• [Aim of the task]:
Keeping every word the same, give again only the lines from the one with "Task: Navigate to" through the end of the data, both included, and leave every picture out.

:: Data records ::

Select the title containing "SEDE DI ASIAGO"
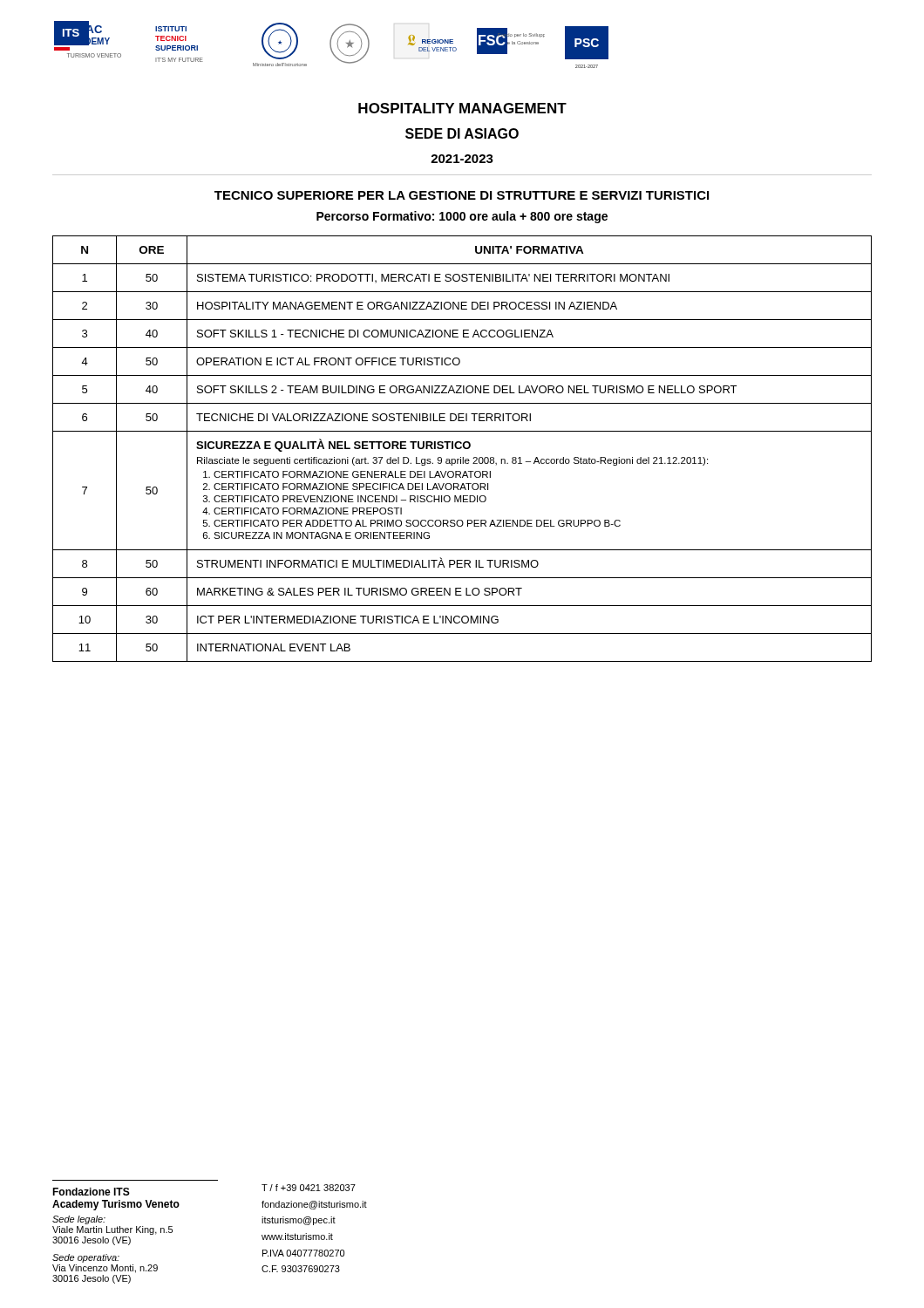The image size is (924, 1308). tap(462, 134)
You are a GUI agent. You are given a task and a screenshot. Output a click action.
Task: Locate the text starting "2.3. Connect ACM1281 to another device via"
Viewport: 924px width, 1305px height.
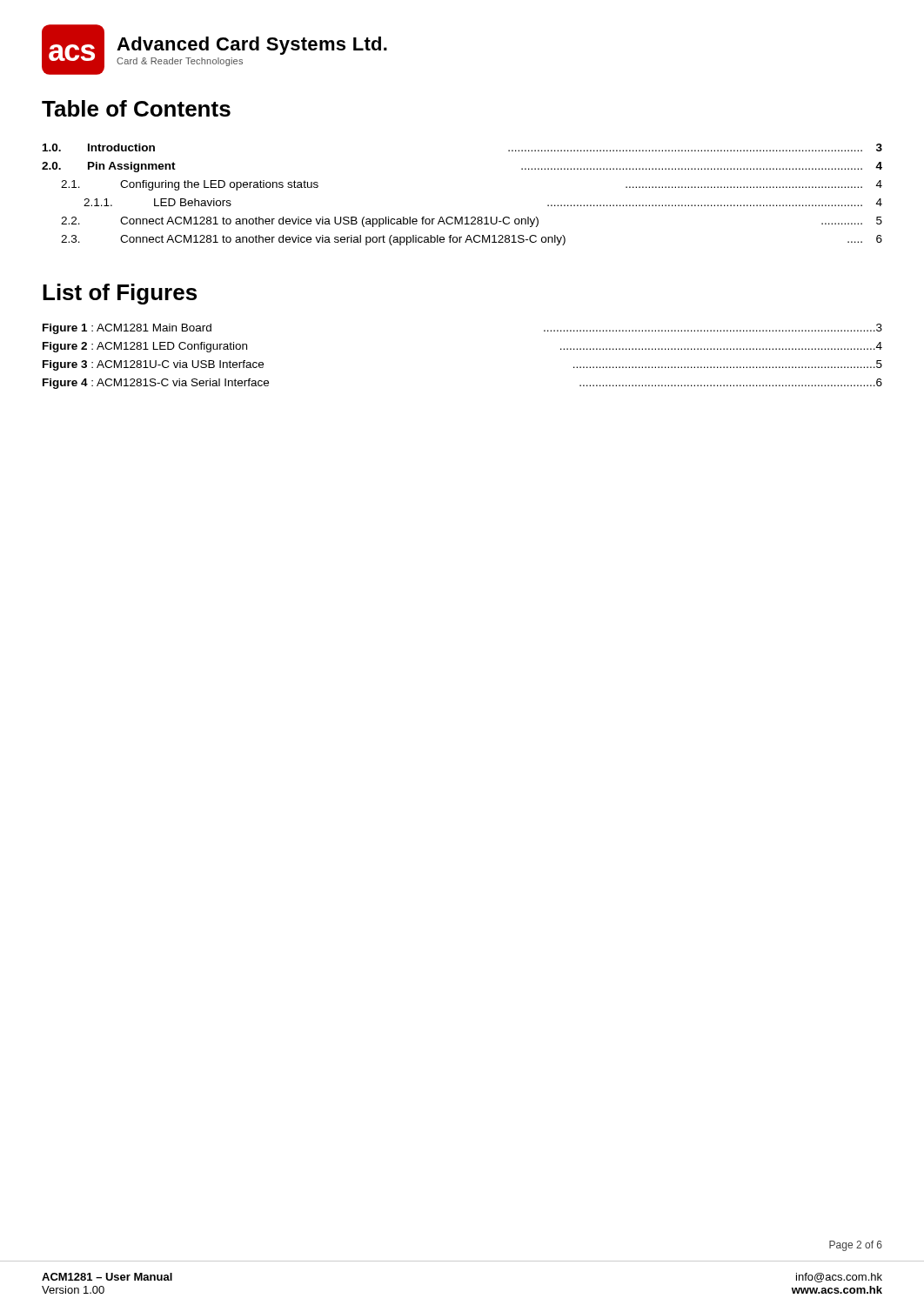(462, 239)
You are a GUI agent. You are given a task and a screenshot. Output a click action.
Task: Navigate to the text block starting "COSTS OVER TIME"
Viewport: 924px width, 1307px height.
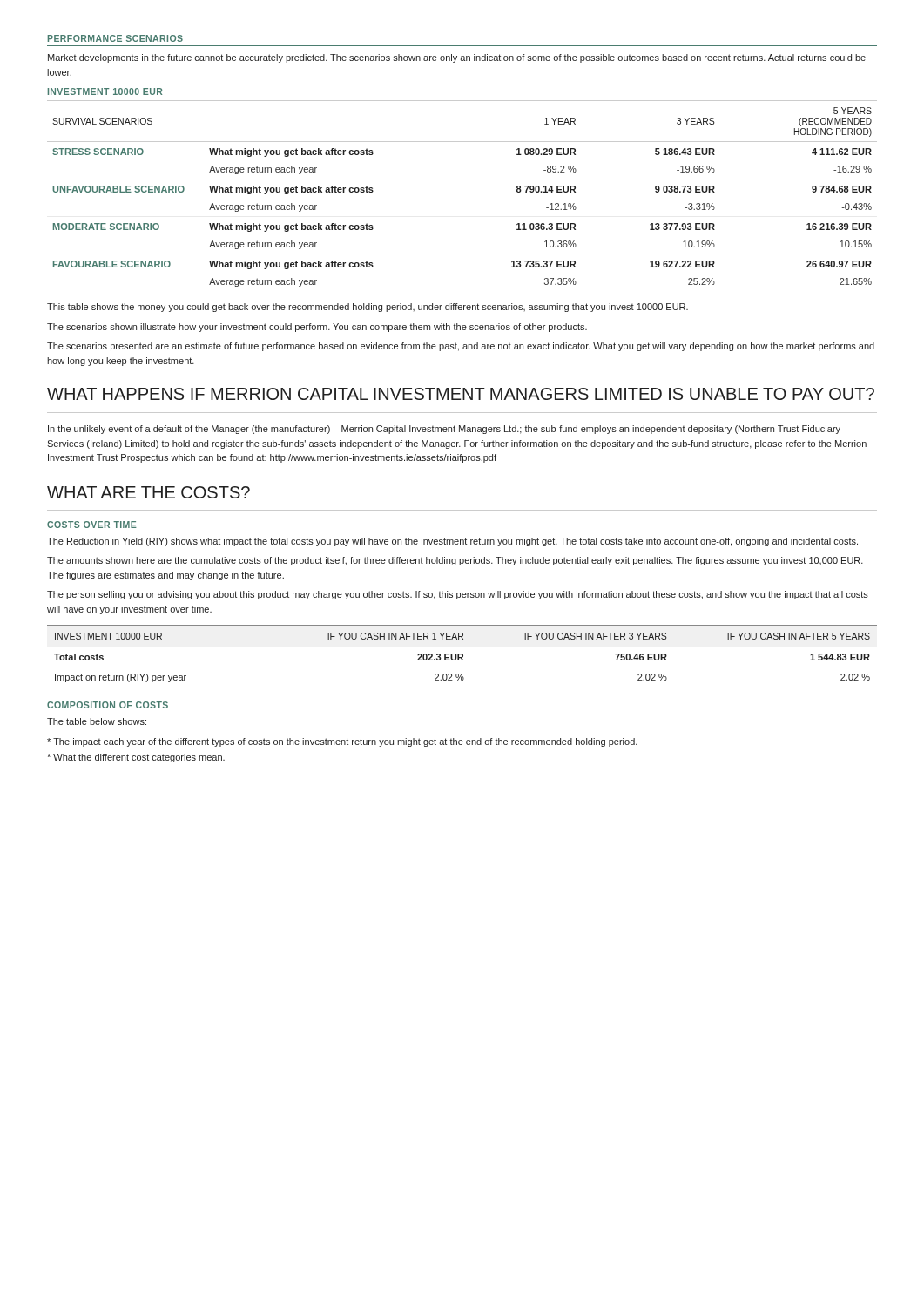pyautogui.click(x=92, y=524)

:::

• [Result below]:
Task: Navigate to the text block starting "COSTS OVER TIME"
Viewport: 924px width, 1307px height.
pyautogui.click(x=92, y=524)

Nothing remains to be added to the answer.